FRANCE has done well by Stuart Staples. Not only has the Nottingham-born singer relocated to Limousin, built himself a studio and continued to provide soundtrack music for the films of director Claire Denis; the whiff of café noir also seems to have cleared his head when it comes to the future of his band, Tindersticks. Stripped back to three original members - Staples, keyboardist David Boulter and guitarist Neil Fraser - they're in a less melancholic frame of mind for this, their first album in five years.

The piano tinkles and xylophone chimes of Introduction set an intimate mood from the start, and it's the quieter moments - particularly the piano and cello waltz of Come Feel The Sun - that now place the band on firmer, more accessible ground. Much as we all swooned, back in the day, to the orchestral romanticism of Tiny Tears, the time is right for a set of Tindersticks songs that aren't overlong or overblown.

Title track and current single The Hungry Saw, with its hustling backdrop of hand-shaken percussion, is unexpectedly upbeat given the grand guignol nature of the lyrics ("The first cut is the skin/The second is the muscle/Then there's a crack of bone/And he's at your heart").
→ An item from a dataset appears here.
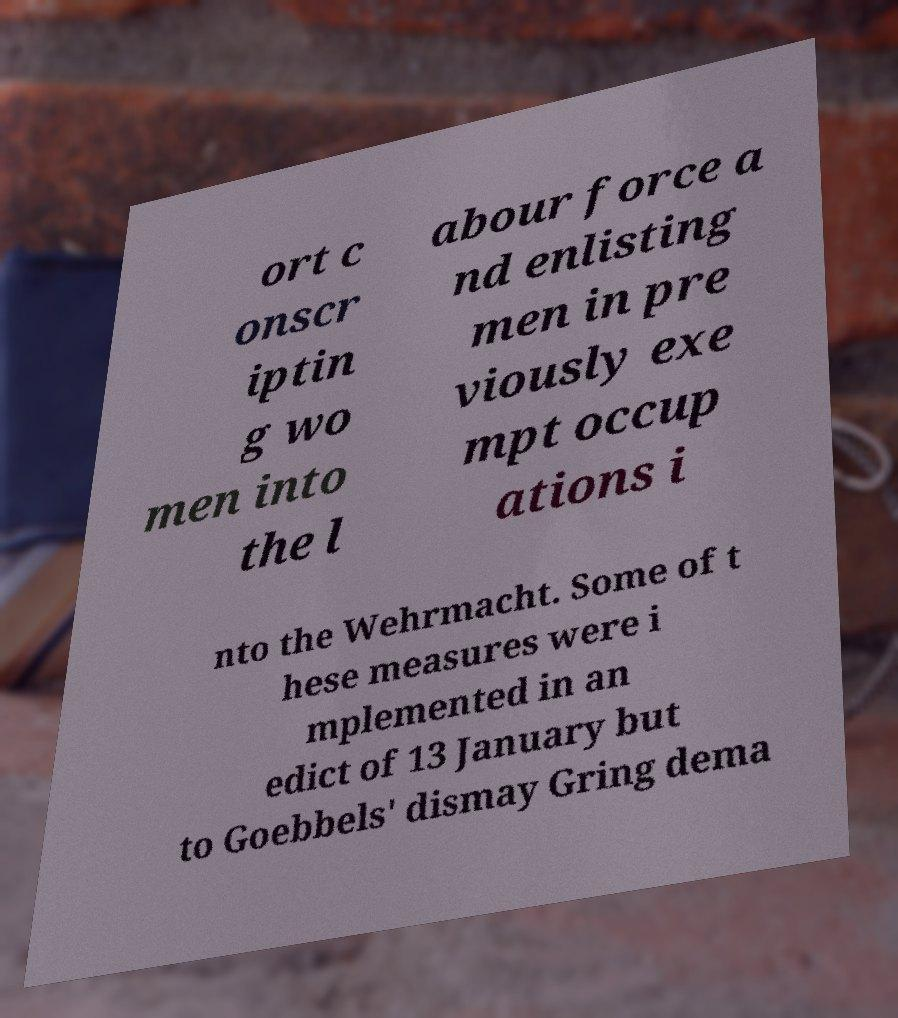Could you assist in decoding the text presented in this image and type it out clearly? ort c onscr iptin g wo men into the l abour force a nd enlisting men in pre viously exe mpt occup ations i nto the Wehrmacht. Some of t hese measures were i mplemented in an edict of 13 January but to Goebbels' dismay Gring dema

A couple of instrumental tracks, E-Type and The Organist Entertains, could be set beneath images of faded fairground carousels on an empty beach, à la Betty Blue, but, nice as they are, they're fairly superfluous given that the "proper" songs here have atmosphere to spare.

The near-classic crescendo of Boobar Come Back To Me, picking up instruments along the way, stumbles when the whitest-ever doo-wop backing chorus steps in behind the lead vocals, but The Turns We Took brings the album to a fitting close, painting on a wider canvas and finding a role for Wichita Lineman-style string arrangements.

Staples's baritone voice remains Tindersticks' most potent weapon; perched on a bar stool, it caresses your speakers, one part seductive to two parts louche. He's the long-lost son that Brian Ferry and Ian Curtis never had.

Despite his French sojourn, Staples hasn't really been away during his band's five-year hiatus, having released two solo albums in the meantime. However, he has had to contend with the rise of Richard Hawley as the thinking man's crooner-du-jour and the reappearance of the original old-timer, Leonard Cohen, with live dates later this year. Then there's the fact that any new album that references Scott Walker and 1960s retro-European balladry is going to be dwarfed by The Last Shadow Puppets' number one opus, The Age Of The Understatement.

Nevertheless, like Elbow - another British band carried through years of silence by a cult following and a sheer bloody-mindedness to do their own thing - Tindersticks have chosen 2008 as the date to reclaim a place among the music industry's upstarts and debutants. Vive la difference, as they say down Staples's way.